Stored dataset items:

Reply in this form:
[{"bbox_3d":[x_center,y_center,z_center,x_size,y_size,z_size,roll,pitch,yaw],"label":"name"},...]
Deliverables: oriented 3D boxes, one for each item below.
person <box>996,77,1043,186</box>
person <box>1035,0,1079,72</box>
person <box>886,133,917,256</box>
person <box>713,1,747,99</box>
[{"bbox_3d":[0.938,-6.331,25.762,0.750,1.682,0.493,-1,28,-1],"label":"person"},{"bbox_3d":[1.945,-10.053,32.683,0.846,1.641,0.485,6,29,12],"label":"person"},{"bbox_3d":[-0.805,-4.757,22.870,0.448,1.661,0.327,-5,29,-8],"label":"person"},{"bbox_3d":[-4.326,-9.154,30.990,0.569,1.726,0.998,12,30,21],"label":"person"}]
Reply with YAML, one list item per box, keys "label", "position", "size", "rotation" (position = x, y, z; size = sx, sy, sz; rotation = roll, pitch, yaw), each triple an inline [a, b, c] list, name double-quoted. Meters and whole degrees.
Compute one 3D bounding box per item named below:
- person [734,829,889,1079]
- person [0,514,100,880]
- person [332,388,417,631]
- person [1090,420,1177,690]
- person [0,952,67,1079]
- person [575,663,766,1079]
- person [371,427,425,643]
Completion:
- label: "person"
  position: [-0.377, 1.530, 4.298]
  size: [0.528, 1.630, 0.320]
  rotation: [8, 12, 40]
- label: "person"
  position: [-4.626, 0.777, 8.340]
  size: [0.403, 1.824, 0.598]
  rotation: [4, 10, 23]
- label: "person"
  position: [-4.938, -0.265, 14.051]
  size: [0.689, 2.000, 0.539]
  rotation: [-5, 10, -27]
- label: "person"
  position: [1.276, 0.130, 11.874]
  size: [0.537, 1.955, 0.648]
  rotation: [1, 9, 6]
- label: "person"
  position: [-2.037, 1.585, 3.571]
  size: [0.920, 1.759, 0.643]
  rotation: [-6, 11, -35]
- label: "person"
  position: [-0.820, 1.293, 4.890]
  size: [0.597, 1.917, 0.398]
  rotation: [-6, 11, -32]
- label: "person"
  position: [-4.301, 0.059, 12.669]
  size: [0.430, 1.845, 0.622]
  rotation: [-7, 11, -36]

> [WHAT TO DO]
If a line in the entries contains "below", copy it.

> [PROBLEM SOLUTION]
Deliverables: oriented 3D boxes, one for each item below.
Compute one 3D bounding box per item named below:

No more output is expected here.